• **ACTIVITY**: Please give back the listing below word for word, without the images.

• **DATASET EXCERPTS**:
- Opening Delimiter -

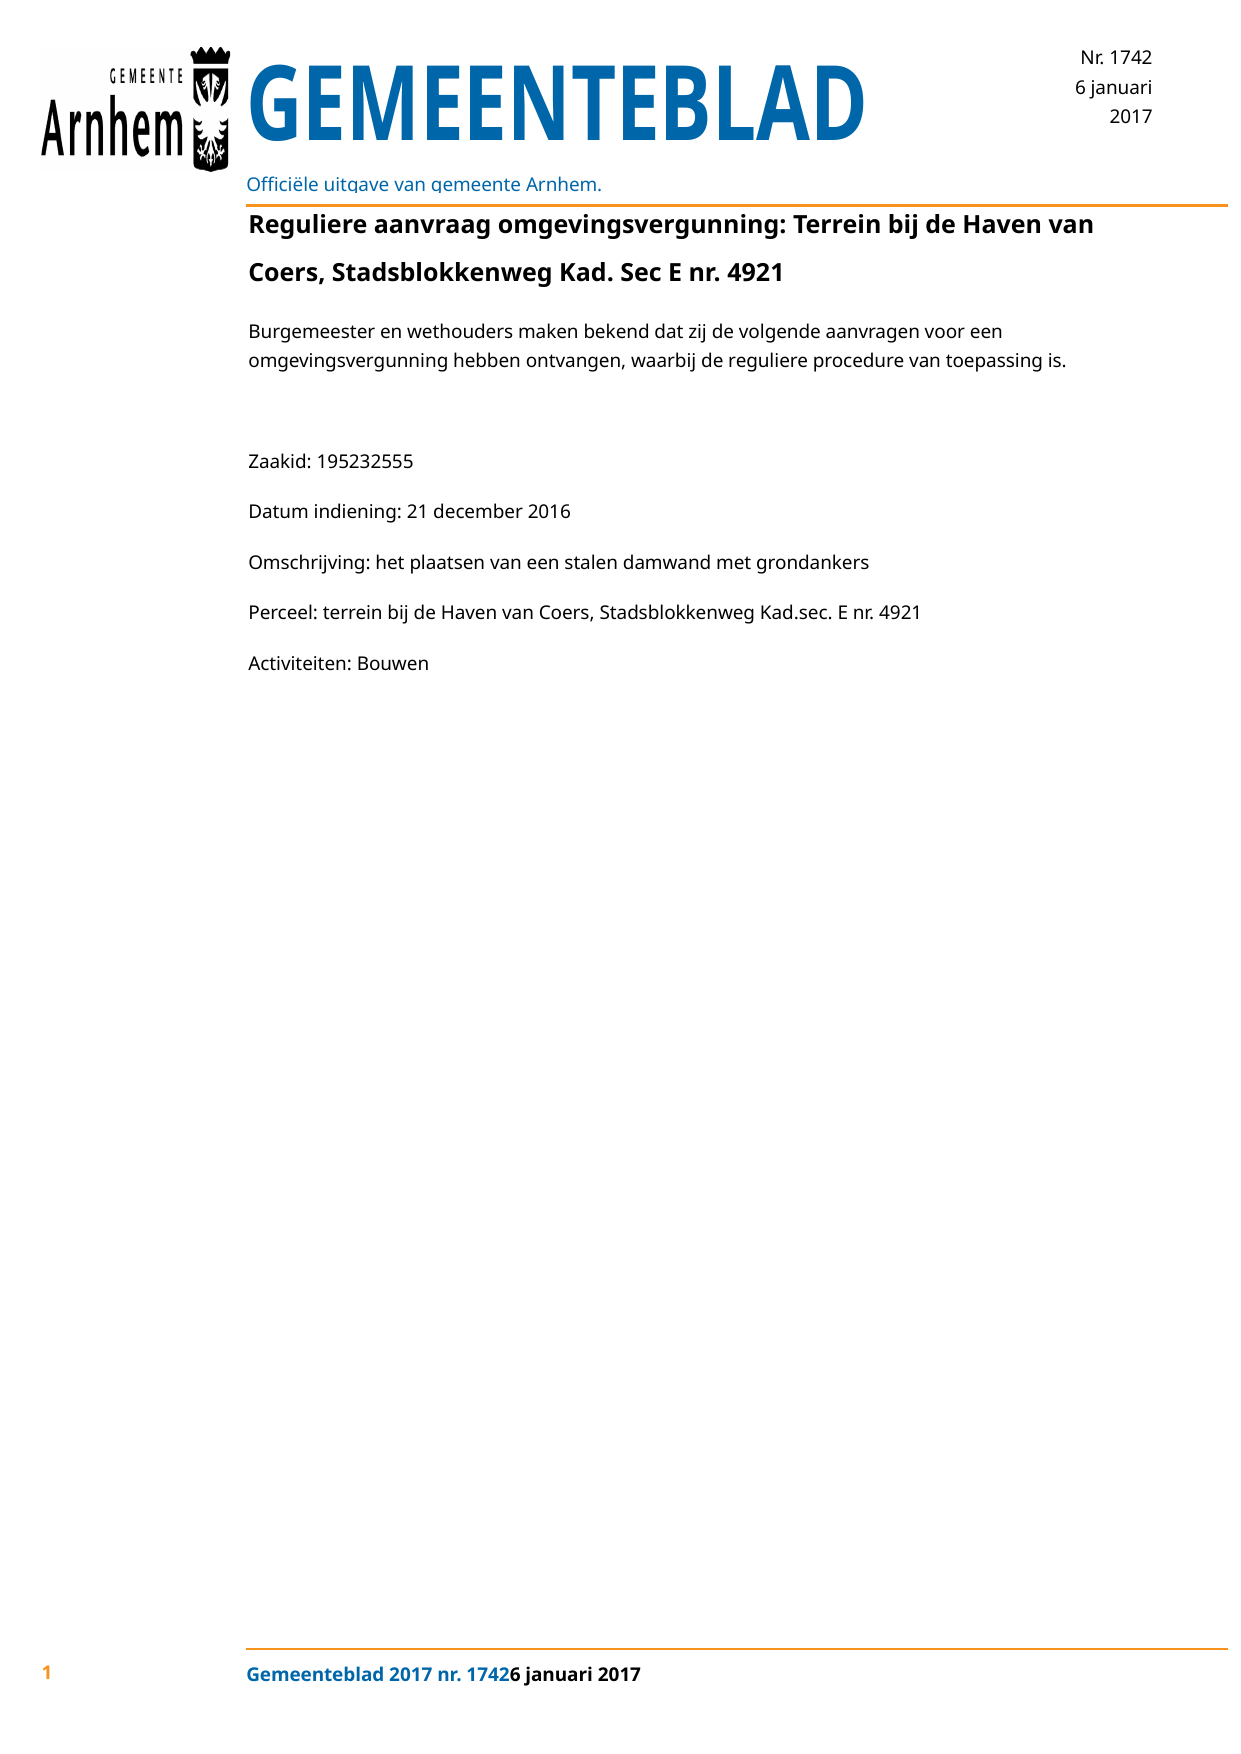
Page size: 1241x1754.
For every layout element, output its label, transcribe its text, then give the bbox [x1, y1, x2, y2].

text Reguliere aanvraag omgevingsvergunning: Terrein bij de Haven van Coers, Stadsblokkenweg Kad. Sec E nr. 4921 [248, 207, 1152, 288]
text Activiteiten: Bouwen [248, 650, 1152, 676]
text Perceel: terrein bij de Haven van Coers, Stadsblokkenweg Kad.sec. E nr. 4921 [248, 599, 1152, 625]
text Burgemeester en wethouders maken bekend dat zij de volgende aanvragen voor een omgevingsvergunning hebben ontvangen, waarbij de reguliere procedure van toepassing is. [248, 318, 1152, 373]
text Omschrijving: het plaatsen van een stalen damwand met grondankers [248, 549, 1152, 575]
picture [41, 47, 231, 172]
text Datum indiening: 21 december 2016 [248, 499, 1152, 524]
text Zaakid: 195232555 [248, 448, 1152, 474]

- Closing Delimiter -

• **EXERCISE RESPONSE**:
Page size: 1241x1754.
For every layout element, output its label, transcribe its text, then give the bbox [x1, y1, x2, y2].

text Reguliere aanvraag omgevingsvergunning: Terrein bij de Haven van Coers, Stadsblokkenweg Kad. Sec E nr. 4921 [248, 207, 1152, 288]
text Activiteiten: Bouwen [248, 650, 1152, 676]
text Perceel: terrein bij de Haven van Coers, Stadsblokkenweg Kad.sec. E nr. 4921 [248, 599, 1152, 625]
text Burgemeester en wethouders maken bekend dat zij de volgende aanvragen voor een omgevingsvergunning hebben ontvangen, waarbij de reguliere procedure van toepassing is. [248, 318, 1152, 373]
text Omschrijving: het plaatsen van een stalen damwand met grondankers [248, 549, 1152, 575]
picture [41, 47, 231, 172]
text Datum indiening: 21 december 2016 [248, 499, 1152, 524]
text Zaakid: 195232555 [248, 448, 1152, 474]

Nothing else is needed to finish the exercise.